[SOURCE MATERIAL]

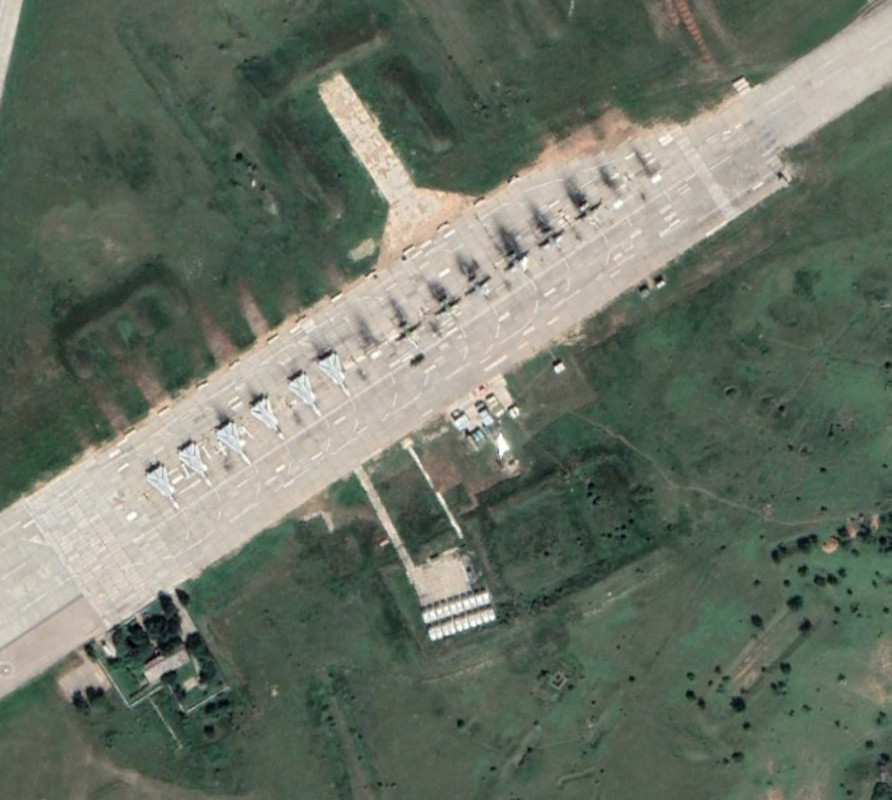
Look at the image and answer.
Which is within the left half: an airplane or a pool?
airplane
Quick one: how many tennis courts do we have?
zero
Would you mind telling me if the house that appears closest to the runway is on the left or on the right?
left
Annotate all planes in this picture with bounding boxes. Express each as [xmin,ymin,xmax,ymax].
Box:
[577,199,603,227]
[321,352,349,396]
[539,227,566,254]
[396,322,422,349]
[146,466,177,508]
[179,443,210,485]
[436,296,462,323]
[504,250,530,277]
[290,374,321,417]
[465,275,491,302]
[252,397,284,439]
[217,424,250,464]
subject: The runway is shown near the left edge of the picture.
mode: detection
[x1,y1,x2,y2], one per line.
[0,497,105,701]
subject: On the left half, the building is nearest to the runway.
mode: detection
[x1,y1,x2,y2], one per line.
[143,649,190,688]

[/SOURCE MATERIAL]

Repeat the data above exactly; images are not part of the copy.

> EXERCISE RESPONSE:
Look at the image and answer.
Which is within the left half: an airplane or a pool?
airplane
Quick one: how many tennis courts do we have?
zero
Would you mind telling me if the house that appears closest to the runway is on the left or on the right?
left
Annotate all planes in this picture with bounding boxes. Express each as [xmin,ymin,xmax,ymax].
Box:
[577,199,603,227]
[321,352,349,396]
[539,227,566,254]
[396,322,422,349]
[146,466,177,508]
[179,443,210,485]
[436,296,462,323]
[504,250,530,277]
[290,374,321,417]
[465,275,491,302]
[252,397,284,439]
[217,424,250,464]
subject: The runway is shown near the left edge of the picture.
mode: detection
[x1,y1,x2,y2], one per line.
[0,497,105,701]
subject: On the left half, the building is nearest to the runway.
mode: detection
[x1,y1,x2,y2], one per line.
[143,649,190,688]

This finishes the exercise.